The aspiration to lessen the dependency on fossil fuels and the desire to secure a clean, sustainable energy system have become stronger, resulting in endeavors headed for developing next-generation batteries. Currently, Li-ion batteries are the most commercially successful and dominating battery system. It is well known, however, that the energy densities of current Li-ion batteries are unable to meet the ever-increasing demands of newly emerging technologies. Therefore, investigations of new materials/chemistries and novel architectures are required to go beyond incremental developments in the energy densities of existing batteries.

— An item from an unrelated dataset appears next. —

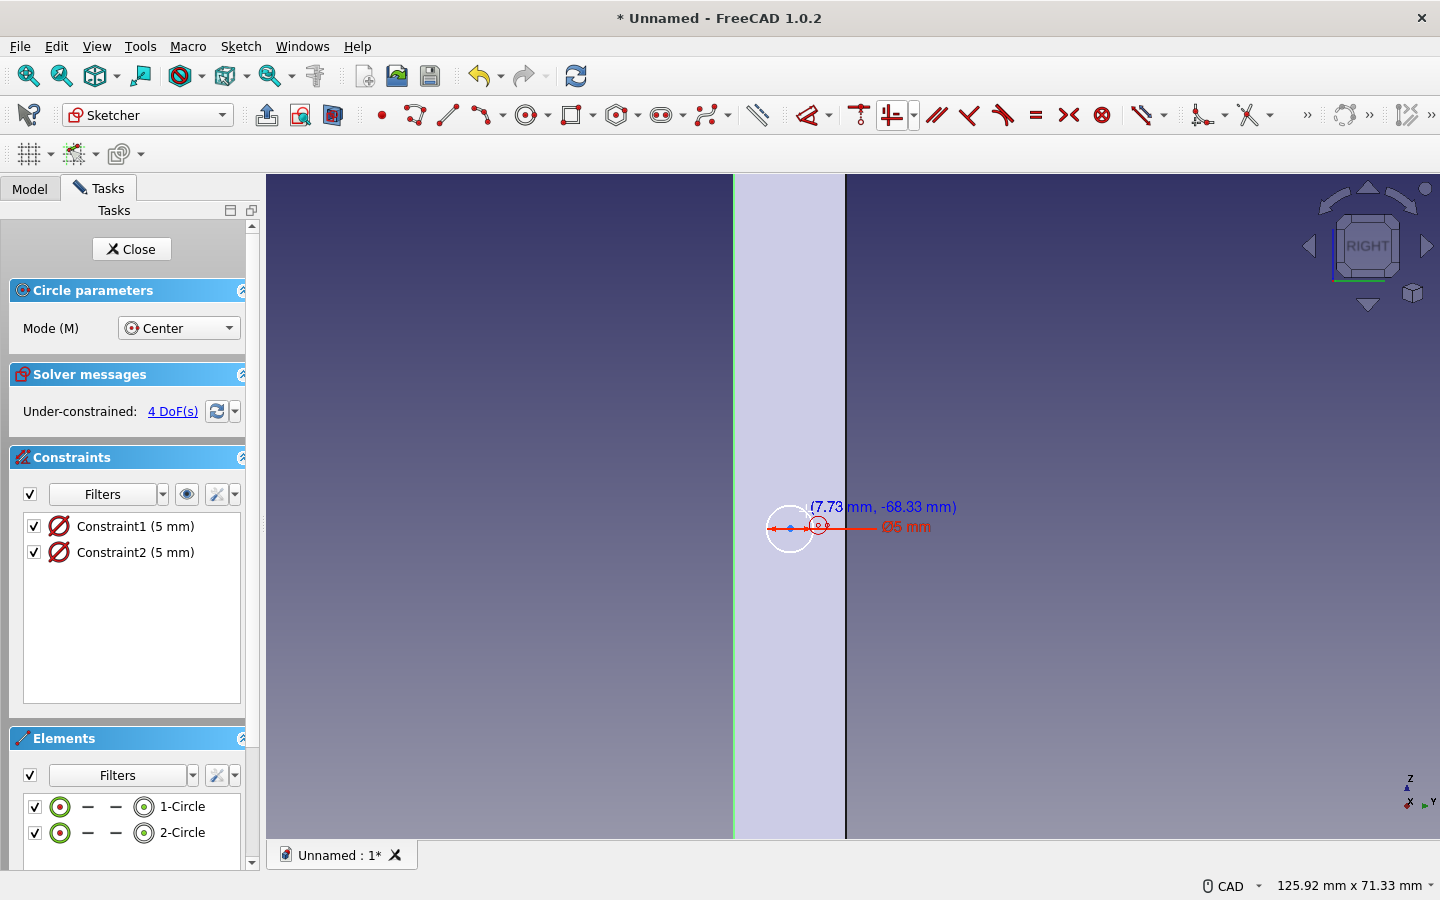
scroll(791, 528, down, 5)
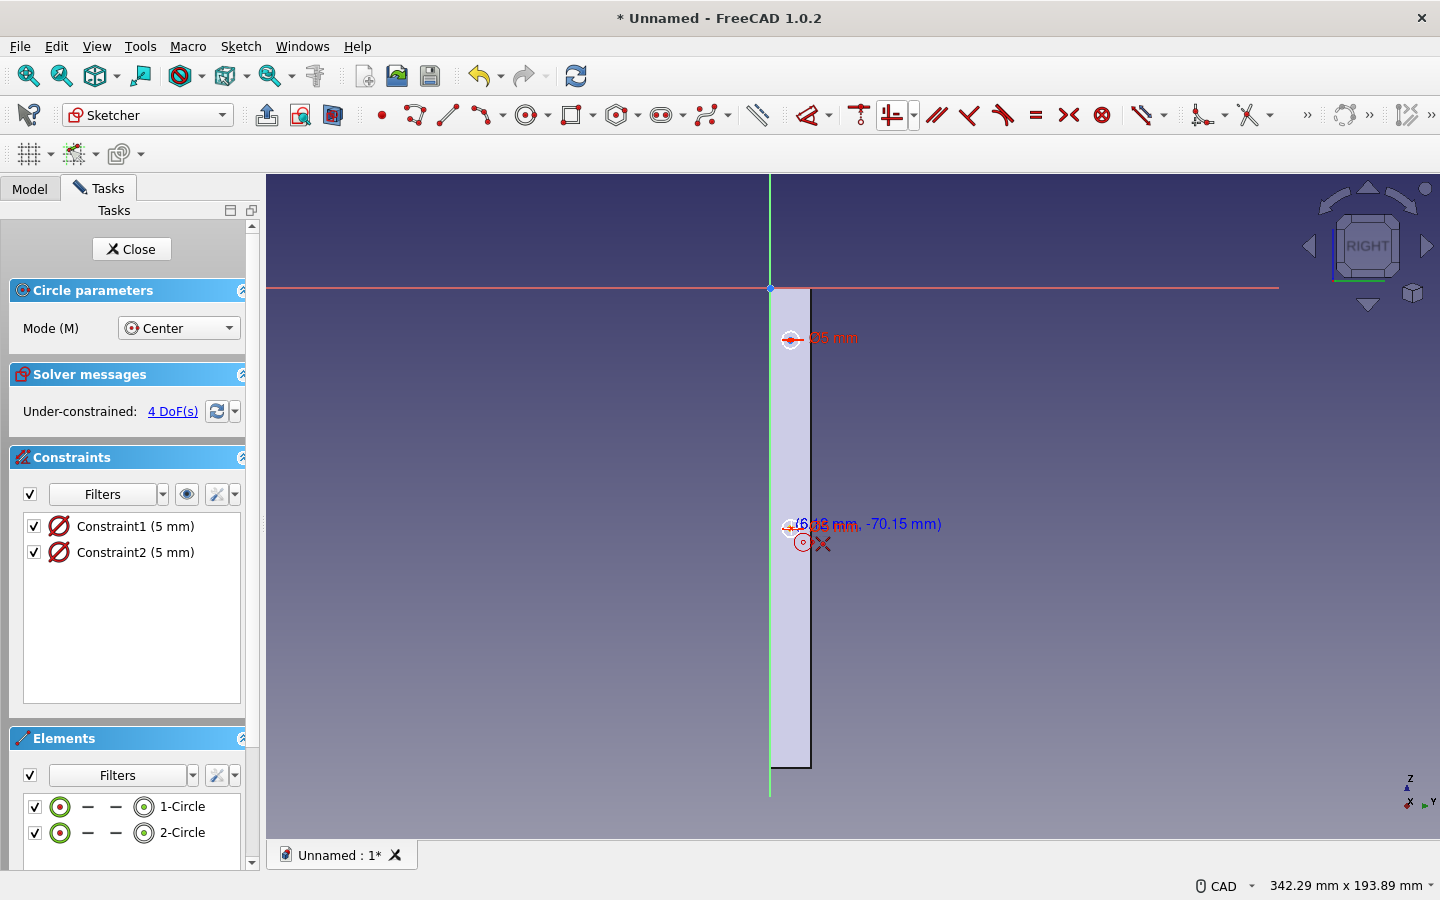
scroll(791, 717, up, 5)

Silicon or Tin-based anodes and Chalcogen group-based (Sulfur and Oxygen) cathodes have gained much attention for next-generation batteries because they have the potential of providing much higher specific energy than those of current Li-ion batteries. However, there remain fundamental challenges for these systems to be considered as a practically viable option. In this presentation, a brief discussion of scientific challenges and some latest developments in hybrid nanostructured materials for advanced batteries will be provided. In particular, the direct utilization of CO₂ in synthesis of Silicon or Tin-based composite materials will be discussed in the context of improving the energy/power density of current Li-ion batteries. Furthermore, if time allows, our group’s recent efforts based on metal-organic frameworks to extend cycle life of beyond Li-ion (Li/S and Li/O₂) batteries will be introduced.